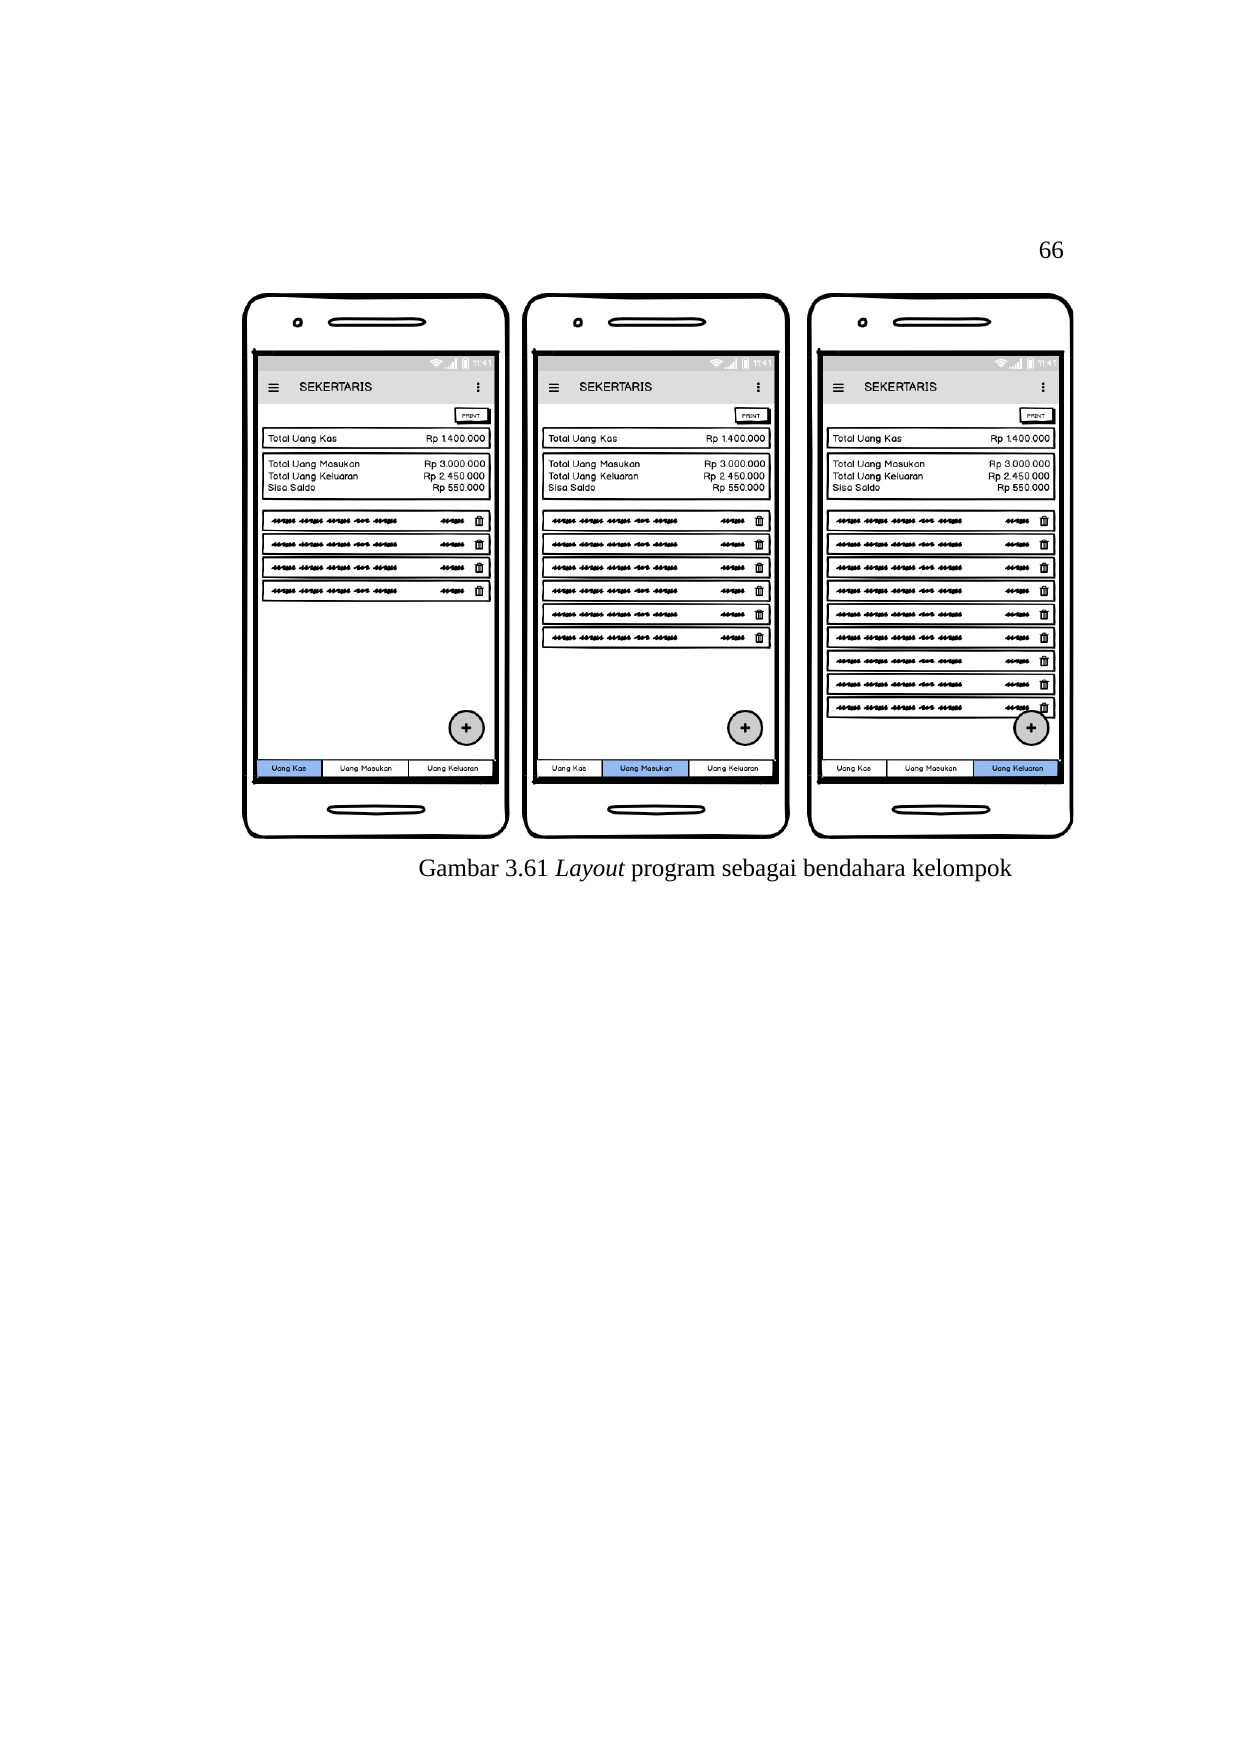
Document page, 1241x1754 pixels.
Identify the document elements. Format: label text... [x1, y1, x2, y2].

****************************************

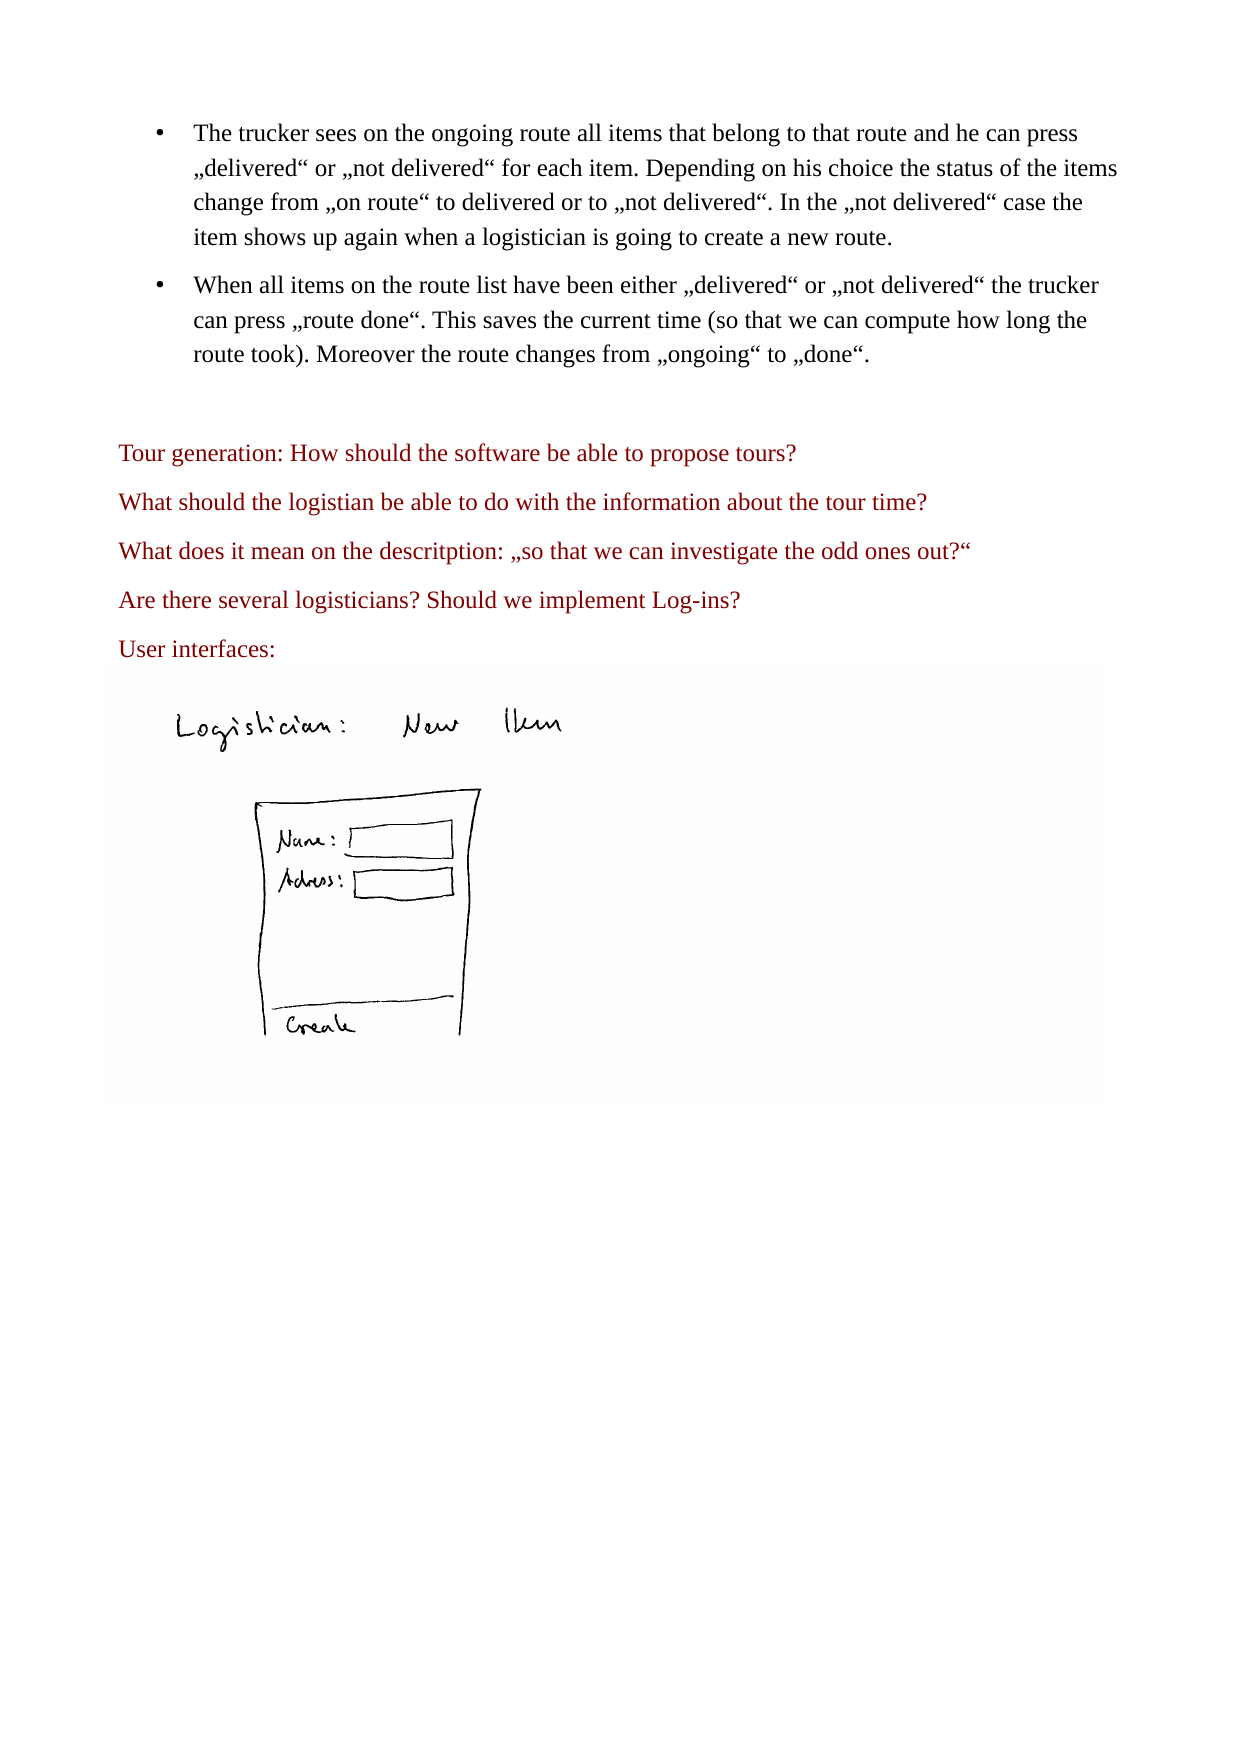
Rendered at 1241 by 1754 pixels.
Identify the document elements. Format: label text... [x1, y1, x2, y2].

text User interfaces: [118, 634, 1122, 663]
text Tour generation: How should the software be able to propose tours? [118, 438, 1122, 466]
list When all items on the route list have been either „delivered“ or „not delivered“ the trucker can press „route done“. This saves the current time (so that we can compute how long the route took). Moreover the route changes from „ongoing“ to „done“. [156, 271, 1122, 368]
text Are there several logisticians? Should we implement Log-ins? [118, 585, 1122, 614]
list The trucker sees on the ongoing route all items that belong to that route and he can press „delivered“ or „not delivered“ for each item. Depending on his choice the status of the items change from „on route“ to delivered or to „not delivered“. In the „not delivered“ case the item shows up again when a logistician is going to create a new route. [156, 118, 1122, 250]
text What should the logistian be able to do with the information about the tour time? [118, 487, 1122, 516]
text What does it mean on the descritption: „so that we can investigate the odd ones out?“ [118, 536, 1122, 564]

****************************************

* **Description of the task**
What lines in the records contain the word "pixels"? Return each one.

* **Solution for this problem**
Document page, 1241x1754 pixels.
Rendered at 1241 by 1754 pixels.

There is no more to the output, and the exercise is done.